- **EXERCISE INSTRUCTIONS**
Search the records for the string "sirupas", then copy each line that has it.

(ENTRIES SHOWN)

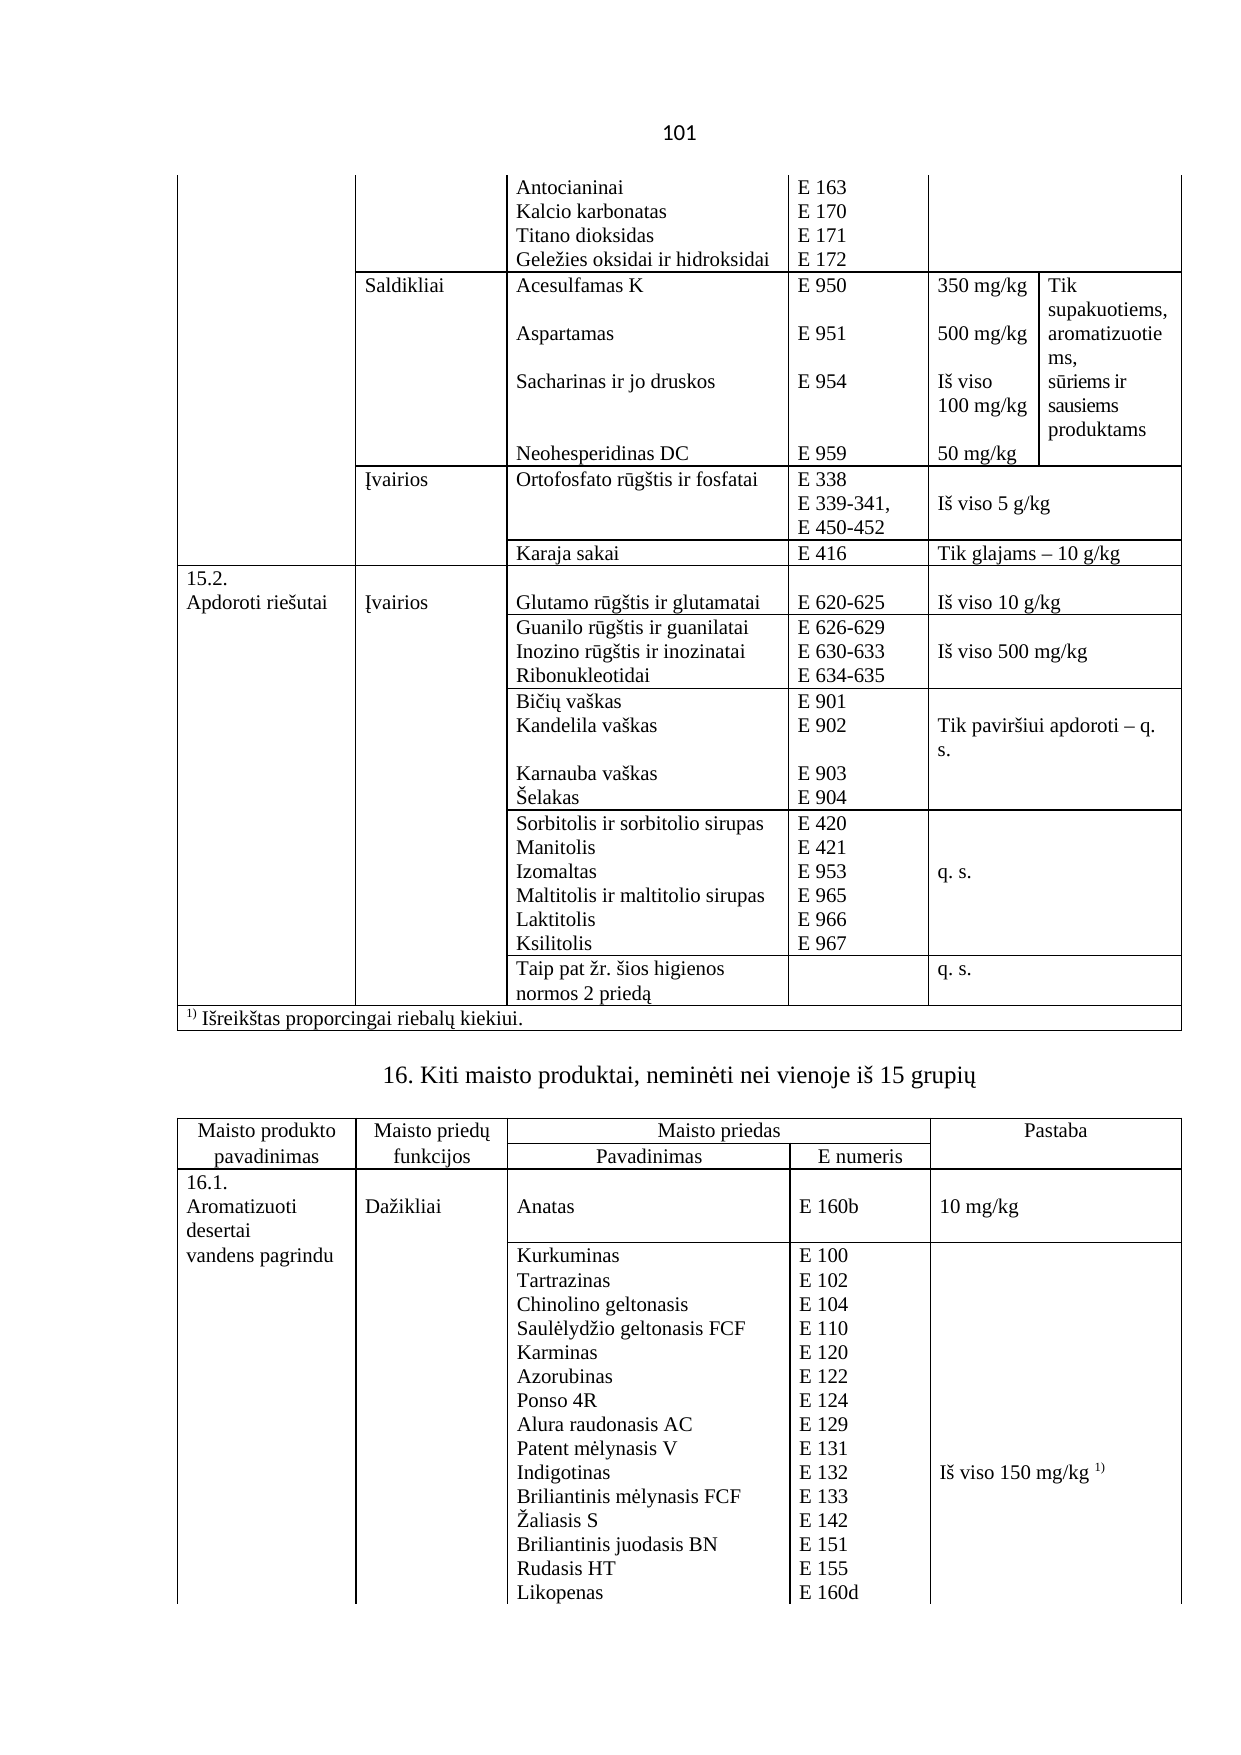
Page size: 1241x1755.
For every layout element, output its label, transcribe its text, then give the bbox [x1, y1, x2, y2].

table_cell Ribonukleotidai [508, 664, 788, 687]
table_cell [929, 689, 1181, 713]
table_cell E 142 [791, 1508, 930, 1532]
table_cell [357, 1508, 507, 1532]
table_cell 1) Išreikštas proporcingai riebalų kiekiui. [178, 1006, 1181, 1030]
table_cell [356, 859, 506, 883]
table_cell [178, 1412, 355, 1436]
table_cell [357, 1436, 507, 1460]
table_cell Geležies oksidai ir hidroksidai [508, 247, 788, 271]
table_cell [931, 1292, 1181, 1316]
table_cell [178, 1364, 355, 1388]
table_cell [178, 1556, 355, 1580]
table_cell [356, 614, 506, 639]
table_cell [178, 175, 355, 199]
table_cell pavadinimas [178, 1143, 355, 1168]
table_cell E 100 [791, 1243, 930, 1267]
table_cell [356, 688, 506, 713]
table_cell E 124 [791, 1388, 930, 1412]
table_cell [178, 688, 355, 713]
table_cell [178, 223, 355, 247]
table_cell E 954 [789, 369, 928, 441]
table_cell Titano dioksidas [508, 223, 788, 247]
table_cell [931, 1484, 1181, 1508]
table_cell [178, 639, 355, 663]
table_cell [178, 614, 355, 639]
table_cell [178, 1580, 355, 1604]
table_cell [356, 639, 506, 663]
table_cell [931, 1268, 1181, 1292]
table_cell 500 mg/kg [929, 321, 1038, 369]
table_cell [929, 664, 1181, 687]
table_header Pastaba [931, 1119, 1181, 1142]
table_cell E 170 [789, 199, 928, 223]
table_cell [931, 1508, 1181, 1532]
table_cell Neohesperidinas DC [508, 441, 788, 465]
table_cell E 151 [791, 1532, 930, 1556]
table_cell [356, 761, 506, 785]
table_cell [929, 615, 1181, 639]
table_cell [931, 1556, 1181, 1580]
table_cell 10 mg/kg [931, 1170, 1181, 1242]
table_cell [357, 1340, 507, 1364]
table_cell E 420 [789, 811, 928, 835]
table_cell E 172 [789, 247, 928, 271]
table_cell [356, 955, 506, 1004]
table_cell [178, 199, 355, 223]
table_cell Ponso 4R [508, 1388, 789, 1412]
table_cell [357, 1316, 507, 1340]
table_cell Tartrazinas [508, 1268, 789, 1292]
table_cell E 160d [791, 1580, 930, 1604]
table_cell Likopenas [508, 1580, 789, 1604]
table_cell E 131 [791, 1436, 930, 1460]
table_cell [357, 1364, 507, 1388]
table_cell [178, 247, 355, 271]
table_cell Pavadinimas [508, 1144, 789, 1168]
table_cell funkcijos [357, 1143, 507, 1168]
table_cell [929, 883, 1181, 907]
table_cell E 959 [789, 441, 928, 465]
table_cell [178, 441, 355, 465]
table_cell [178, 1316, 355, 1340]
table_cell Šelakas [508, 785, 788, 809]
table_cell Briliantinis mėlynasis FCF [508, 1484, 789, 1508]
table_cell [931, 1243, 1181, 1267]
table_cell [178, 321, 355, 369]
table_cell Ortofosfato rūgštis ir fosfatai [508, 467, 788, 539]
table_cell sūriems ir sausiems produktams [1040, 369, 1181, 441]
table_cell [178, 1460, 355, 1484]
table_cell [178, 539, 355, 564]
table_cell E 171 [789, 223, 928, 247]
table_cell Iš viso 5 g/kg [929, 467, 1181, 539]
table_cell Alura raudonasis AC [508, 1412, 789, 1436]
table_cell Glutamo rūgštis ir glutamatai [508, 566, 788, 614]
table_cell [178, 1292, 355, 1316]
table_cell Žaliasis S [508, 1508, 789, 1532]
table_cell Sacharinas ir jo druskos [508, 369, 788, 441]
table_cell [1040, 441, 1181, 465]
table_cell Dažikliai [357, 1170, 507, 1242]
table_cell [178, 809, 355, 835]
table_cell [357, 1556, 507, 1580]
table_cell [178, 1532, 355, 1556]
table_cell E 967 [789, 931, 928, 955]
table_cell [357, 1484, 507, 1508]
table_cell [356, 785, 506, 809]
table_cell [929, 175, 1181, 199]
table_cell E 966 [789, 907, 928, 931]
table_cell [931, 1316, 1181, 1340]
table_cell [357, 1242, 507, 1267]
table_cell [789, 956, 928, 1004]
table_cell E 160b [791, 1170, 930, 1242]
table_cell Sorbitolis ir sorbitolio sirupas [508, 811, 788, 835]
table_cell [356, 835, 506, 859]
table_cell [356, 175, 506, 199]
table_cell [929, 811, 1181, 835]
table_cell Saulėlydžio geltonasis FCF [508, 1316, 789, 1340]
table_cell Ksilitolis [508, 931, 788, 955]
table_cell [178, 664, 355, 687]
table_cell [931, 1143, 1181, 1168]
table_cell [178, 1508, 355, 1532]
table_cell Kurkuminas [508, 1243, 789, 1267]
table_cell [356, 713, 506, 761]
table_cell E 120 [791, 1340, 930, 1364]
table_cell [357, 1292, 507, 1316]
table_cell E 163 [789, 175, 928, 199]
table_cell E 903 [789, 761, 928, 785]
table_cell [929, 931, 1181, 955]
table_cell E 630-633 [789, 639, 928, 663]
table_cell Patent mėlynasis V [508, 1436, 789, 1460]
table_cell [931, 1436, 1181, 1460]
table_cell [929, 835, 1181, 859]
table_cell q. s. [929, 956, 1181, 1004]
table_cell [931, 1340, 1181, 1364]
table_cell E 155 [791, 1556, 930, 1580]
table_cell [931, 1364, 1181, 1388]
table_cell E 902 [789, 713, 928, 761]
table_cell [178, 713, 355, 761]
table_cell [357, 1580, 507, 1604]
table_cell E 122 [791, 1364, 930, 1388]
table_cell E 102 [791, 1268, 930, 1292]
table_cell Antocianinai [508, 175, 788, 199]
table_cell 350 mg/kg [929, 273, 1038, 321]
table_cell [931, 1580, 1181, 1604]
table_cell Azorubinas [508, 1364, 789, 1388]
table_cell [931, 1532, 1181, 1556]
table_cell q. s. [929, 859, 1181, 883]
table_header Maisto priedų [357, 1119, 507, 1142]
table_cell Bičių vaškas [508, 689, 788, 713]
table_cell vandens pagrindu [178, 1242, 355, 1267]
table_cell Įvairios [356, 467, 506, 539]
table_cell [356, 247, 506, 271]
table_cell [356, 369, 506, 441]
table_cell E 338 E 339-341, E 450-452 [789, 467, 928, 539]
table_cell [929, 907, 1181, 931]
table_cell Kalcio karbonatas [508, 199, 788, 223]
table_cell Tik paviršiui apdoroti – q. s. [929, 713, 1181, 761]
table_cell [929, 199, 1181, 223]
table_cell E 416 [789, 541, 928, 564]
table_cell [178, 955, 355, 1004]
table_cell [357, 1412, 507, 1436]
table_cell [178, 931, 355, 955]
table_header Maisto priedas [508, 1119, 930, 1142]
table_cell E 132 [791, 1460, 930, 1484]
text 16. Kiti maisto produktai, neminėti nei vienoje iš 15 grupių [177, 1060, 1181, 1089]
table_cell E 953 [789, 859, 928, 883]
table_cell E 901 [789, 689, 928, 713]
table_cell E 133 [791, 1484, 930, 1508]
table_cell Izomaltas [508, 859, 788, 883]
table_header Maisto produkto [178, 1119, 355, 1142]
table_cell [356, 321, 506, 369]
table_cell [178, 1268, 355, 1292]
table_cell [357, 1532, 507, 1556]
table_cell [929, 223, 1181, 247]
table_cell [931, 1412, 1181, 1436]
table_cell [356, 223, 506, 247]
table_cell [357, 1268, 507, 1292]
table_cell [931, 1388, 1181, 1412]
table_cell 50 mg/kg [929, 441, 1038, 465]
table_cell Guanilo rūgštis ir guanilatai [508, 615, 788, 639]
table_cell [929, 761, 1181, 785]
table_cell Iš viso 10 g/kg [929, 566, 1181, 614]
table_cell Briliantinis juodasis BN [508, 1532, 789, 1556]
table_cell Indigotinas [508, 1460, 789, 1484]
table_cell E 634-635 [789, 664, 928, 687]
table_cell [178, 1436, 355, 1460]
table_cell E 620-625 [789, 566, 928, 614]
table_cell E 129 [791, 1412, 930, 1436]
table_cell Aspartamas [508, 321, 788, 369]
table_cell aromatizuotiems, [1040, 321, 1181, 369]
table_cell Karnauba vaškas [508, 761, 788, 785]
table_cell Iš viso 150 mg/kg 1) [931, 1460, 1181, 1484]
table_cell Tik supakuotiems, [1040, 273, 1181, 321]
table_cell [178, 1388, 355, 1412]
table_cell [178, 859, 355, 883]
table_cell [178, 271, 355, 321]
table_cell [929, 785, 1181, 809]
table_cell E 110 [791, 1316, 930, 1340]
table_cell [356, 441, 506, 465]
table_cell Saldikliai [356, 273, 506, 321]
table_cell Anatas [508, 1170, 789, 1242]
table_cell 15.2. Apdoroti riešutai [178, 566, 355, 614]
table_cell Karaja sakai [508, 541, 788, 564]
table_cell Taip pat žr. šios higienos normos 2 priedą [508, 956, 788, 1004]
table_cell E 965 [789, 883, 928, 907]
table_cell E 951 [789, 321, 928, 369]
table_cell E 104 [791, 1292, 930, 1316]
table_cell Inozino rūgštis ir inozinatai [508, 639, 788, 663]
table_cell E numeris [791, 1144, 930, 1168]
table_cell [178, 761, 355, 785]
table_cell 16.1. Aromatizuoti desertai [178, 1170, 355, 1242]
table_cell E 626-629 [789, 615, 928, 639]
table_cell [178, 907, 355, 931]
table_cell [356, 539, 506, 564]
table_cell [356, 664, 506, 687]
table_cell [929, 247, 1181, 271]
table_cell [178, 465, 355, 539]
table_cell Karminas [508, 1340, 789, 1364]
table_cell [178, 369, 355, 441]
table_cell [178, 1484, 355, 1508]
table_cell Kandelila vaškas [508, 713, 788, 761]
table_cell [178, 883, 355, 907]
table_cell [356, 907, 506, 931]
table_cell Įvairios [356, 566, 506, 614]
table_cell [357, 1388, 507, 1412]
table_cell [178, 785, 355, 809]
table_cell Maltitolis ir maltitolio sirupas [508, 883, 788, 907]
table_cell Iš viso 500 mg/kg [929, 639, 1181, 663]
table_cell Acesulfamas K [508, 273, 788, 321]
table_cell Chinolino geltonasis [508, 1292, 789, 1316]
table_cell E 421 [789, 835, 928, 859]
table_cell E 904 [789, 785, 928, 809]
table_cell [356, 809, 506, 835]
table_cell [357, 1460, 507, 1484]
table_cell Tik glajams – 10 g/kg [929, 541, 1181, 564]
table_cell Iš viso 100 mg/kg [929, 369, 1038, 441]
table_cell [178, 1340, 355, 1364]
table_cell [356, 199, 506, 223]
table_cell Manitolis [508, 835, 788, 859]
table_cell Laktitolis [508, 907, 788, 931]
table_cell [178, 835, 355, 859]
table_cell [356, 883, 506, 907]
table_cell E 950 [789, 273, 928, 321]
table_cell [356, 931, 506, 955]
table_cell Rudasis HT [508, 1556, 789, 1580]

(End ENTRIES SHOWN)

- **REPLY**
table_cell Sorbitolis ir sorbitolio sirupas [508, 811, 788, 835]
table_cell Maltitolis ir maltitolio sirupas [508, 883, 788, 907]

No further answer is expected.